SUPPLIED RECORDS: Begin

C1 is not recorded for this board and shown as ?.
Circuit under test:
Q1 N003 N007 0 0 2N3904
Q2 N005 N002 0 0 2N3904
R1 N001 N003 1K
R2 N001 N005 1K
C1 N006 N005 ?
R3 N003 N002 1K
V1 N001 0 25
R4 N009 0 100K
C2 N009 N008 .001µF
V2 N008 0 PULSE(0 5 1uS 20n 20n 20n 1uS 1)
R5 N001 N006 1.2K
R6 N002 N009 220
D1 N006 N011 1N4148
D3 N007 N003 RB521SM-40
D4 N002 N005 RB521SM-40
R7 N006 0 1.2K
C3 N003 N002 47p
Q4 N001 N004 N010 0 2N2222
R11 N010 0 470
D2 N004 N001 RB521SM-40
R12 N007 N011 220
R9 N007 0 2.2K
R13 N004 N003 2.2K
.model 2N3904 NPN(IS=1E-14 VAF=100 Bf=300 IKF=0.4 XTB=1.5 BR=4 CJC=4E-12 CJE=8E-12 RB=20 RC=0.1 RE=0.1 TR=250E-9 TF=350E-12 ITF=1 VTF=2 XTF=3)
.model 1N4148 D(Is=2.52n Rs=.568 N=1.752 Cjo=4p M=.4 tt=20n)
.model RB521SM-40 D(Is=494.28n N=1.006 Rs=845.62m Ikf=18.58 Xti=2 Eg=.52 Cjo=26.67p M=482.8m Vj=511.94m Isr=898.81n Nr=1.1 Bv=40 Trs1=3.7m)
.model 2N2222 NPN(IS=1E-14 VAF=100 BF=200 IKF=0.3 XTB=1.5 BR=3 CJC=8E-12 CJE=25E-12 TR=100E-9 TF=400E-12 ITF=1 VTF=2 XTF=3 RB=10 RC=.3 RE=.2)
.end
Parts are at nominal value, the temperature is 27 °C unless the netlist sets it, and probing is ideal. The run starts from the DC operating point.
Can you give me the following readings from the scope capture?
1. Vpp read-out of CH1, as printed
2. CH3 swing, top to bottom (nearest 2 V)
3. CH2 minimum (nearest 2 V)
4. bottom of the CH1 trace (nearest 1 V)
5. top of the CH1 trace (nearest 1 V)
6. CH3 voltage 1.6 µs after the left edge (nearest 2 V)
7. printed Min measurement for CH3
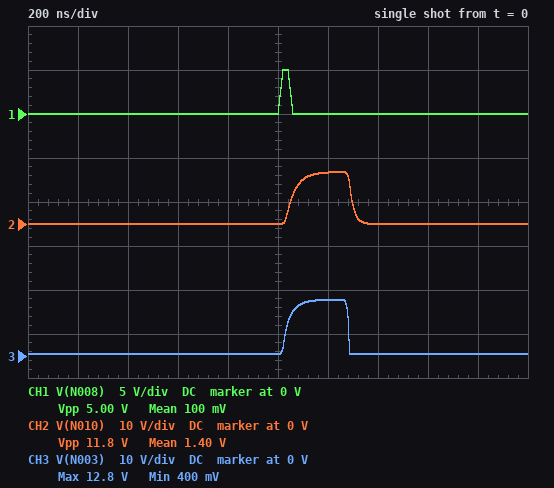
5.00 V
12 V
0 V
0 V
5 V
0 V
400 mV
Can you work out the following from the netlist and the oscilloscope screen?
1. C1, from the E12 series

390 pF
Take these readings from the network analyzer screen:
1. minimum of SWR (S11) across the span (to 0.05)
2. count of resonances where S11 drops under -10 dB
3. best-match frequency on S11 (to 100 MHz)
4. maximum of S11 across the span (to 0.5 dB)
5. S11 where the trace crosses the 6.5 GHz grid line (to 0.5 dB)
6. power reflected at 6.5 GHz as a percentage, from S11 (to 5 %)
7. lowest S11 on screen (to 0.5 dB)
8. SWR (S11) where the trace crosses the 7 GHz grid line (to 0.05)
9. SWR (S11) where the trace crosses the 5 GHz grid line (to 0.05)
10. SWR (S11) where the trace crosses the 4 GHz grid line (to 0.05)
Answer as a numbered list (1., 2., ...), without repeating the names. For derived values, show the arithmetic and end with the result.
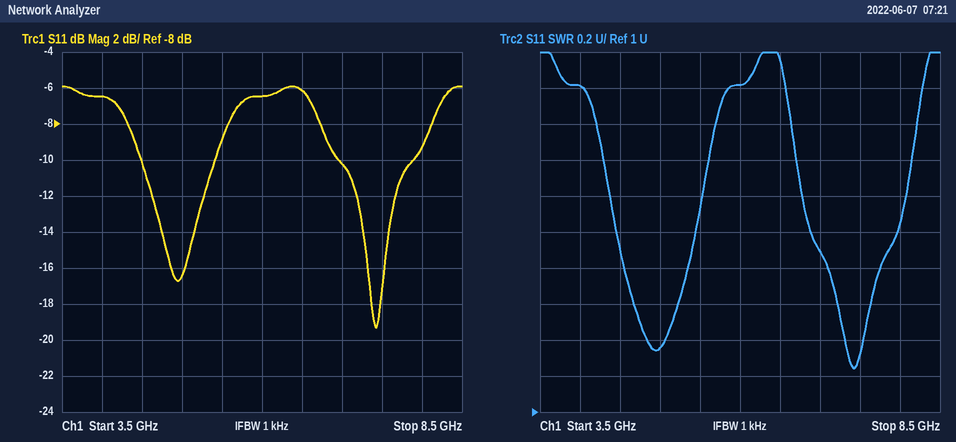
1. 1.25
2. 2
3. 7.4 GHz
4. -6.0 dB
5. -6.0 dB
6. 10^(-6/10) ≈ 25 %
7. -19.5 dB
8. 1.90
9. 1.35
10. 2.80
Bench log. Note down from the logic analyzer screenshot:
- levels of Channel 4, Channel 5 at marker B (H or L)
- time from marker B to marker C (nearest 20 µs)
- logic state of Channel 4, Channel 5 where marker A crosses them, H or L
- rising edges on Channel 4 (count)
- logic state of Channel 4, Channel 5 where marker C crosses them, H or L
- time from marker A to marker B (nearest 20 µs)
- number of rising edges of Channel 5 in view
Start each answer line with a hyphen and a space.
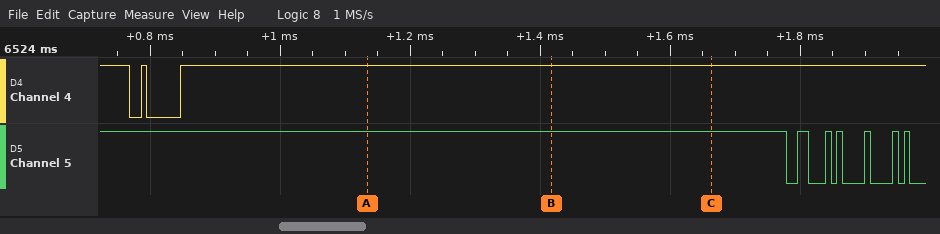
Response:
- Channel 4=H, Channel 5=H
- 240 µs
- Channel 4=H, Channel 5=H
- 2
- Channel 4=H, Channel 5=H
- 280 µs
- 6
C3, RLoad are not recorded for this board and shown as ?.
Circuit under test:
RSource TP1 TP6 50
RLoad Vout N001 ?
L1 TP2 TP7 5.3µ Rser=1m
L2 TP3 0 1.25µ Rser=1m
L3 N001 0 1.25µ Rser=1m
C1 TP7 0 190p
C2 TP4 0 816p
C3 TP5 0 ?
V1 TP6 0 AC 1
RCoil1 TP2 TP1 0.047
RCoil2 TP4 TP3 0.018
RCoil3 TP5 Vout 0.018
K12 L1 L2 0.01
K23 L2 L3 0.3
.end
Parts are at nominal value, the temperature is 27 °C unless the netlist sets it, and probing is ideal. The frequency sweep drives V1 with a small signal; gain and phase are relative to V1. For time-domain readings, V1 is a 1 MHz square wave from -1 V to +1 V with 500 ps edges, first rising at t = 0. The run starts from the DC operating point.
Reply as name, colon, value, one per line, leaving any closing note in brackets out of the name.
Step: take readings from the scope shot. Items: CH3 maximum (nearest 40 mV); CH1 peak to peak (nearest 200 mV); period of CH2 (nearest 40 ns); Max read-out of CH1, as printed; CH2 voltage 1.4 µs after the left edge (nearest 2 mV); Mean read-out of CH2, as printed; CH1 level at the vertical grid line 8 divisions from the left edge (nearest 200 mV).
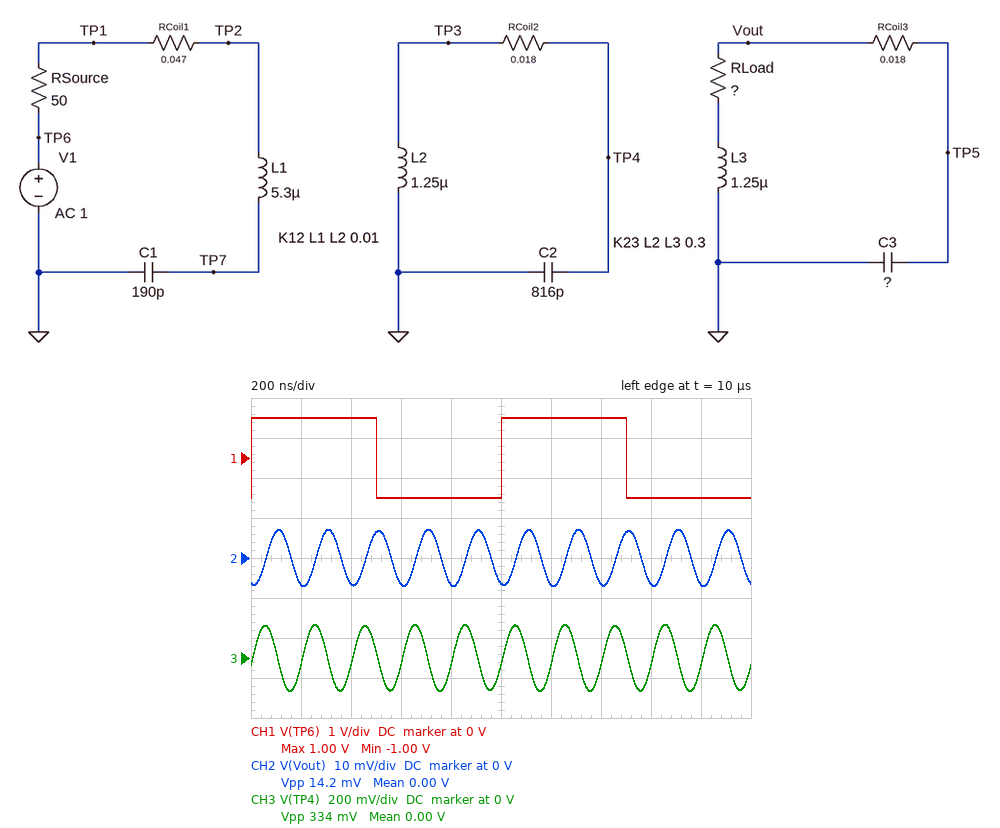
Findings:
CH3 maximum: 160 mV
CH1 peak to peak: 2.0 V
period of CH2: 200 ns
Max read-out of CH1, as printed: 1.00 V
CH2 voltage 1.4 µs after the left edge: -6 mV
Mean read-out of CH2, as printed: 0.00 V
CH1 level at the vertical grid line 8 divisions from the left edge: -1.0 V
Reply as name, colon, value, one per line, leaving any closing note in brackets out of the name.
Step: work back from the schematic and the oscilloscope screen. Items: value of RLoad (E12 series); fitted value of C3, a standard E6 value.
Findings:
value of RLoad: 150 Ω
fitted value of C3, a standard E6 value: 1.5 nF
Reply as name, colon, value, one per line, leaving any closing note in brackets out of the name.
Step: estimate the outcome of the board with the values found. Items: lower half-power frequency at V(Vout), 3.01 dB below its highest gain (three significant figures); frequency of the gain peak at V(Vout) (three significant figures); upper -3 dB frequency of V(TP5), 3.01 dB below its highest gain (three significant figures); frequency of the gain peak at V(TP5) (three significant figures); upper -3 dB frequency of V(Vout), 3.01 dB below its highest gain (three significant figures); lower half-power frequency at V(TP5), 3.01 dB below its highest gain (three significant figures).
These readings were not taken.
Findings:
lower half-power frequency at V(Vout), 3.01 dB below its highest gain: 4.93 MHz
frequency of the gain peak at V(Vout): 4.99 MHz
upper -3 dB frequency of V(TP5), 3.01 dB below its highest gain: 5.05 MHz
frequency of the gain peak at V(TP5): 4.99 MHz
upper -3 dB frequency of V(Vout), 3.01 dB below its highest gain: 5.05 MHz
lower half-power frequency at V(TP5), 3.01 dB below its highest gain: 4.93 MHz
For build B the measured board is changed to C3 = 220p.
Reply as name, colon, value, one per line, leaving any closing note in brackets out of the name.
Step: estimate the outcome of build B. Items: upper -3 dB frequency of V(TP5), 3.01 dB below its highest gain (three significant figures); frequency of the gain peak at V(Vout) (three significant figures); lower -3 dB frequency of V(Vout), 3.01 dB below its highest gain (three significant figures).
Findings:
upper -3 dB frequency of V(TP5), 3.01 dB below its highest gain: 5.00 MHz
frequency of the gain peak at V(Vout): 4.96 MHz
lower -3 dB frequency of V(Vout), 3.01 dB below its highest gain: 4.92 MHz
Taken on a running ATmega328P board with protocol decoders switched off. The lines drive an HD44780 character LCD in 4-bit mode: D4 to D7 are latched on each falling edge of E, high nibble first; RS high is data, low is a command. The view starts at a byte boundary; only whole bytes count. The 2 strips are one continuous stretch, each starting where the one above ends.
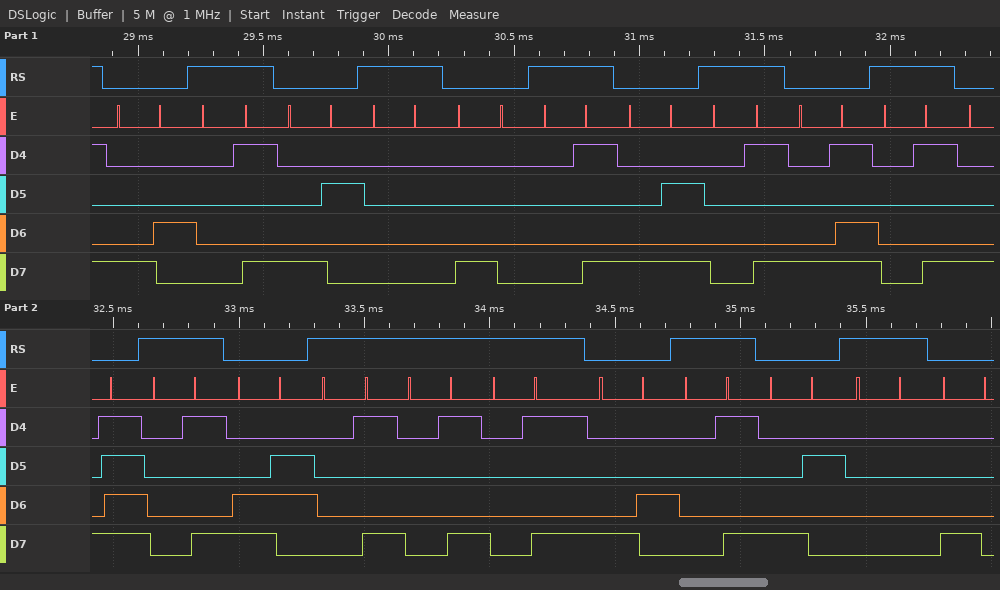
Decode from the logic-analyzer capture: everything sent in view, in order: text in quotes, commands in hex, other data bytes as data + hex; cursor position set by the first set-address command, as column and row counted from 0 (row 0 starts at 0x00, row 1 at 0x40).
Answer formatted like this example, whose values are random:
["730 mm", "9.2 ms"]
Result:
["0x84 data 09 0x82 data 00 0x80 data 09 0x8A data 09 0x8D data 09 0x8F data 09 0xC6 data 09 09 09 0x84 data 09 0x82 data 00 0x80", "column 4, row 0"]
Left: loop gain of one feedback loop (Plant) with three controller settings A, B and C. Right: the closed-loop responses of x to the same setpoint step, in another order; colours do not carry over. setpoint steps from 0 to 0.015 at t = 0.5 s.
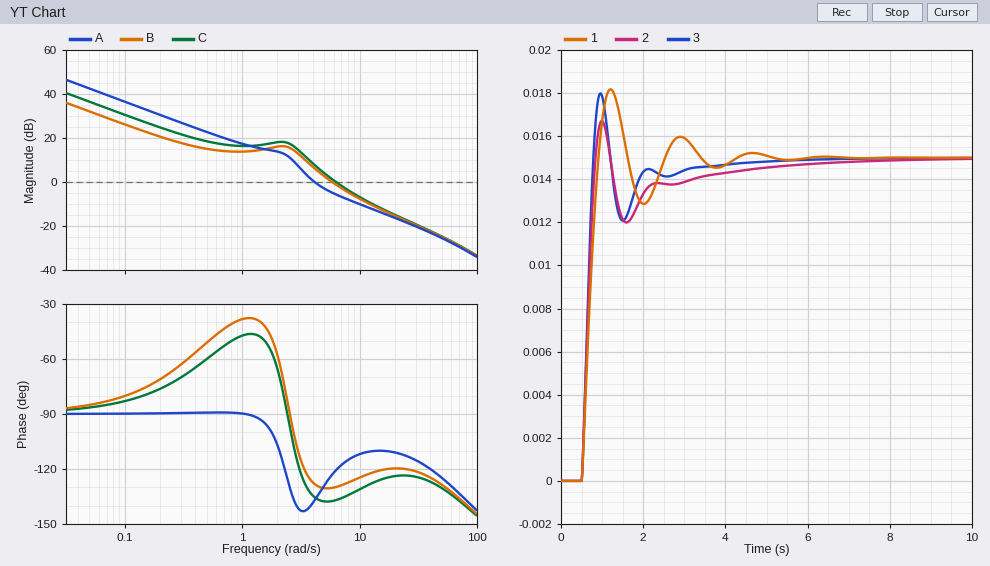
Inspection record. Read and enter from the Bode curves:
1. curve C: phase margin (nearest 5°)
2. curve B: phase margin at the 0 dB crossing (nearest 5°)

45°
50°
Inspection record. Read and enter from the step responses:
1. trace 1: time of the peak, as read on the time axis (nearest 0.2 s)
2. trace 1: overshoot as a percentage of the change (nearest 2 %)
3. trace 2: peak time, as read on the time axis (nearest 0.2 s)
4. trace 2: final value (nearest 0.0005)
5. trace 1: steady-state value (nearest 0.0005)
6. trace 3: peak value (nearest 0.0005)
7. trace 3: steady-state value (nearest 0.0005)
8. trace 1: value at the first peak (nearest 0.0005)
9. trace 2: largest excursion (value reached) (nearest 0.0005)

1.2 s
22 %
1.0 s
0.0150
0.0150
0.0180
0.0150
0.0180
0.0165
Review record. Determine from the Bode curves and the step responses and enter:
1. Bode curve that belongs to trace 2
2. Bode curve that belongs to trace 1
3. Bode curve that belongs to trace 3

B
A
C

SUPPLIED RECORDS: End

▶ _TASK TO COMPLETE_
What you should repeat exactly is the run of lines from the top of the listing above through the line with "10. SWR (S11)", without pictures.

▶ _EXPECTED OUTPUT_
C1 is not recorded for this board and shown as ?.
Circuit under test:
Q1 N003 N007 0 0 2N3904
Q2 N005 N002 0 0 2N3904
R1 N001 N003 1K
R2 N001 N005 1K
C1 N006 N005 ?
R3 N003 N002 1K
V1 N001 0 25
R4 N009 0 100K
C2 N009 N008 .001µF
V2 N008 0 PULSE(0 5 1uS 20n 20n 20n 1uS 1)
R5 N001 N006 1.2K
R6 N002 N009 220
D1 N006 N011 1N4148
D3 N007 N003 RB521SM-40
D4 N002 N005 RB521SM-40
R7 N006 0 1.2K
C3 N003 N002 47p
Q4 N001 N004 N010 0 2N2222
R11 N010 0 470
D2 N004 N001 RB521SM-40
R12 N007 N011 220
R9 N007 0 2.2K
R13 N004 N003 2.2K
.model 2N3904 NPN(IS=1E-14 VAF=100 Bf=300 IKF=0.4 XTB=1.5 BR=4 CJC=4E-12 CJE=8E-12 RB=20 RC=0.1 RE=0.1 TR=250E-9 TF=350E-12 ITF=1 VTF=2 XTF=3)
.model 1N4148 D(Is=2.52n Rs=.568 N=1.752 Cjo=4p M=.4 tt=20n)
.model RB521SM-40 D(Is=494.28n N=1.006 Rs=845.62m Ikf=18.58 Xti=2 Eg=.52 Cjo=26.67p M=482.8m Vj=511.94m Isr=898.81n Nr=1.1 Bv=40 Trs1=3.7m)
.model 2N2222 NPN(IS=1E-14 VAF=100 BF=200 IKF=0.3 XTB=1.5 BR=3 CJC=8E-12 CJE=25E-12 TR=100E-9 TF=400E-12 ITF=1 VTF=2 XTF=3 RB=10 RC=.3 RE=.2)
.end
Parts are at nominal value, the temperature is 27 °C unless the netlist sets it, and probing is ideal. The run starts from the DC operating point.
Can you give me the following readings from the scope capture?
1. Vpp read-out of CH1, as printed
2. CH3 swing, top to bottom (nearest 2 V)
3. CH2 minimum (nearest 2 V)
4. bottom of the CH1 trace (nearest 1 V)
5. top of the CH1 trace (nearest 1 V)
6. CH3 voltage 1.6 µs after the left edge (nearest 2 V)
7. printed Min measurement for CH3
5.00 V
12 V
0 V
0 V
5 V
0 V
400 mV
Can you work out the following from the netlist and the oscilloscope screen?
1. C1, from the E12 series

390 pF
Take these readings from the network analyzer screen:
1. minimum of SWR (S11) across the span (to 0.05)
2. count of resonances where S11 drops under -10 dB
3. best-match frequency on S11 (to 100 MHz)
4. maximum of S11 across the span (to 0.5 dB)
5. S11 where the trace crosses the 6.5 GHz grid line (to 0.5 dB)
6. power reflected at 6.5 GHz as a percentage, from S11 (to 5 %)
7. lowest S11 on screen (to 0.5 dB)
8. SWR (S11) where the trace crosses the 7 GHz grid line (to 0.05)
9. SWR (S11) where the trace crosses the 5 GHz grid line (to 0.05)
10. SWR (S11) where the trace crosses the 4 GHz grid line (to 0.05)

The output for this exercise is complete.